● Provided records:

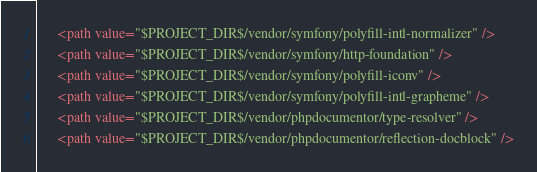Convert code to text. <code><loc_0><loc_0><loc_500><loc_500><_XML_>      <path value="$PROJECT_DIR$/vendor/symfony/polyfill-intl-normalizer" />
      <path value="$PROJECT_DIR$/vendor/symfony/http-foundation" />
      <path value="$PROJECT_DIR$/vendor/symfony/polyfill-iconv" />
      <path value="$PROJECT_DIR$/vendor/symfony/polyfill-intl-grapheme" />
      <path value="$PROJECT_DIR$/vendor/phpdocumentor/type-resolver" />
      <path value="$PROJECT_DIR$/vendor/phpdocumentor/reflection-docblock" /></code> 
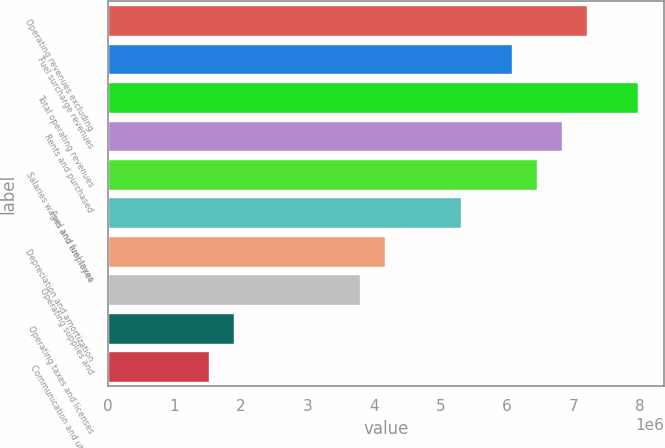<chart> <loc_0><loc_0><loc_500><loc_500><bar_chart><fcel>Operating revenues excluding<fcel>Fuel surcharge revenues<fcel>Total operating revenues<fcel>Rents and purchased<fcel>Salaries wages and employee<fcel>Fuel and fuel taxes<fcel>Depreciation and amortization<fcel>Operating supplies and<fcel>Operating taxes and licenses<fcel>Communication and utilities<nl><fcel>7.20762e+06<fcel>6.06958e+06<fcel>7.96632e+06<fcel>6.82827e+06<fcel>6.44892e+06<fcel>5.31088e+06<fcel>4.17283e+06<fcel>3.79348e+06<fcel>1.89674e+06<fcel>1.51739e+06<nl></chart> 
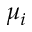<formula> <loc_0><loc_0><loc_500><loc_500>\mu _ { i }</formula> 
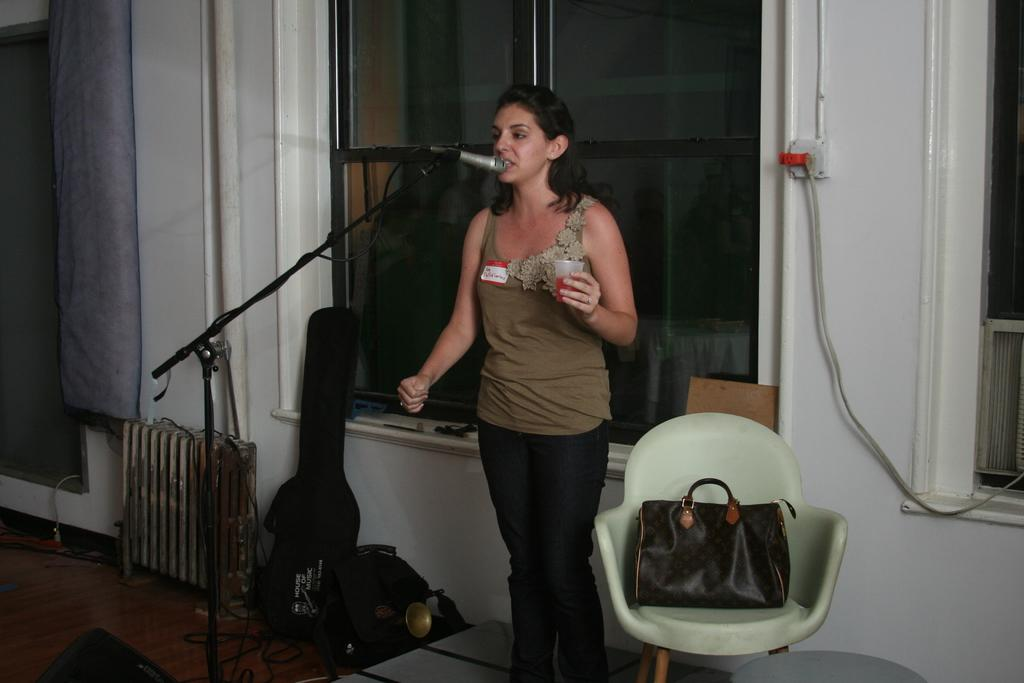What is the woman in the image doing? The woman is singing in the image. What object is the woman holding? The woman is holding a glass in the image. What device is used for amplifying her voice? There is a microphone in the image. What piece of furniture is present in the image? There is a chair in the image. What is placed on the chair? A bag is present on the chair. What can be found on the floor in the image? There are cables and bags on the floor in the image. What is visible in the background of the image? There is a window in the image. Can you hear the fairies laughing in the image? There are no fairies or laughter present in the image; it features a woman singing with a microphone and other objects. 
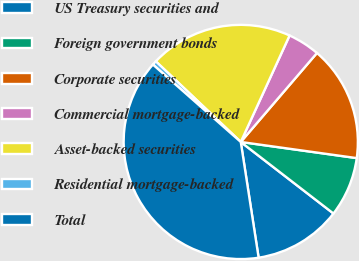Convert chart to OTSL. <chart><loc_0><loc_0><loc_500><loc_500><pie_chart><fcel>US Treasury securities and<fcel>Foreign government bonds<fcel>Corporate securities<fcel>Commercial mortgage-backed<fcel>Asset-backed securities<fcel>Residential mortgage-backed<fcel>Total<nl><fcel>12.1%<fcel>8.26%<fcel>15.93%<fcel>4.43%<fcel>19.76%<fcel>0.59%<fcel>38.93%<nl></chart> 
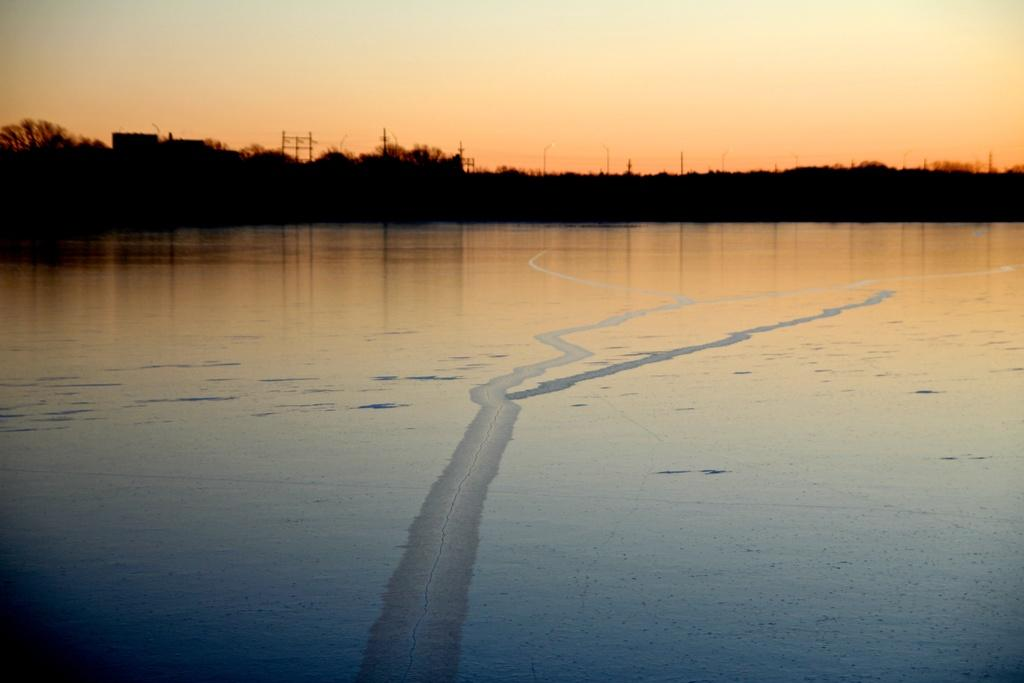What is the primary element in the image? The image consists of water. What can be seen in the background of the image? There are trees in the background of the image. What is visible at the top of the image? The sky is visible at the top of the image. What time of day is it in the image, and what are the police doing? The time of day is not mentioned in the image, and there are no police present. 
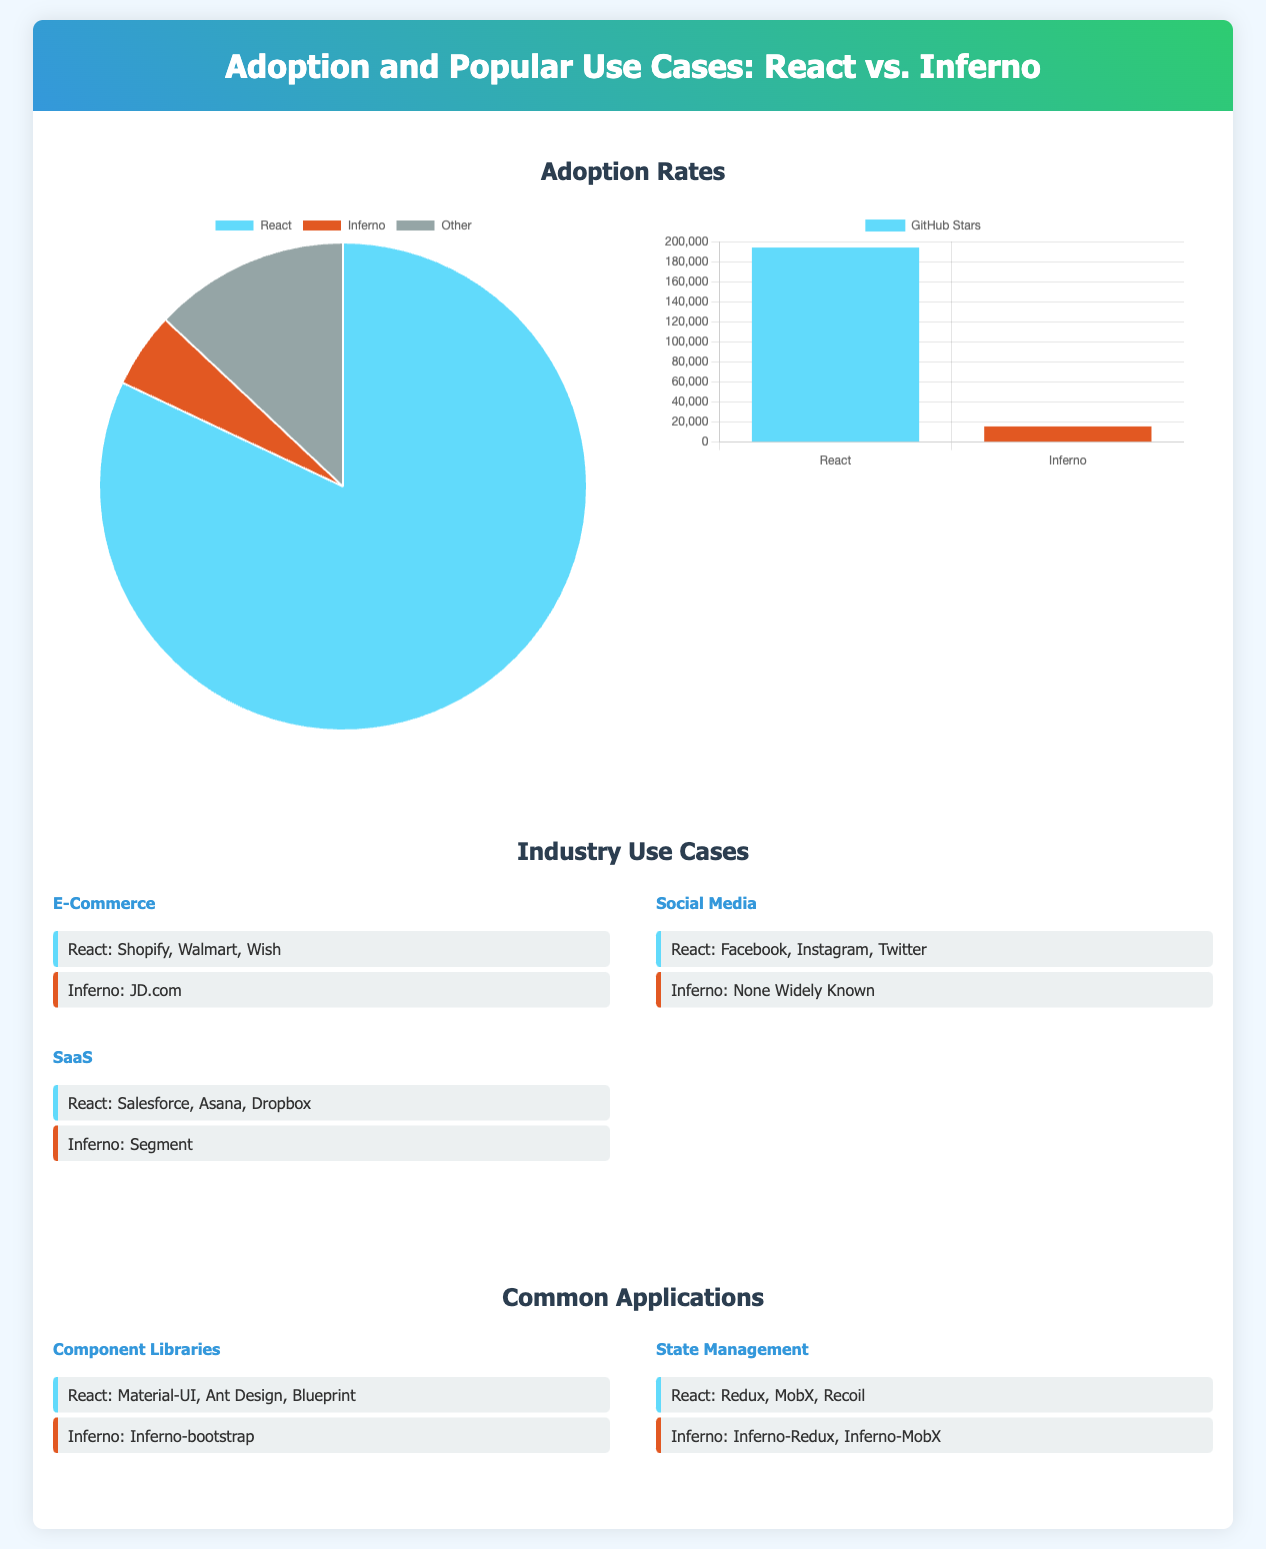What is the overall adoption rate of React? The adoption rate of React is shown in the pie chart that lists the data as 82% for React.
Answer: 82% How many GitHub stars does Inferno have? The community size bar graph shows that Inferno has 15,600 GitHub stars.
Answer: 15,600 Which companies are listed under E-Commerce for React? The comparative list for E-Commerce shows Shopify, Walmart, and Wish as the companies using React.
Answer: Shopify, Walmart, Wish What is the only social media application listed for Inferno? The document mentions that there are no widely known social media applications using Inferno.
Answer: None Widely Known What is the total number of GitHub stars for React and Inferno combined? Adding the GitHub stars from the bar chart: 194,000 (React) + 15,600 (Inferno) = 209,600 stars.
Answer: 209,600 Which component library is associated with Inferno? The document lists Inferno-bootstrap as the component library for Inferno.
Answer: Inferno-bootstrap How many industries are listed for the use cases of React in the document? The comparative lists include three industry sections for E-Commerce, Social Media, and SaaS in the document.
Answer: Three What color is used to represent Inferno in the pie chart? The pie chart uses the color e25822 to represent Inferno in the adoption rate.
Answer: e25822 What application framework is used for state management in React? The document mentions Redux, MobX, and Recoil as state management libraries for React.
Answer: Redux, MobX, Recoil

● Exercise details: In the listing above, find the line containing "What is the primary". Output it and every line after it up to and including the line containing "What is the overall", exactly, but skip the pictures.

● Answer section:
What is the primary element in the image? The image consists of water. What can be seen in the background of the image? There are trees in the background of the image. What is visible at the top of the image? The sky is visible at the top of the image. What time of day is it in the image, and what are the police doing? The time of day is not mentioned in the image, and there are no police present. 
What is the overall adoption rate of React? The adoption rate of React is shown in the pie chart that lists the data as 82% for React.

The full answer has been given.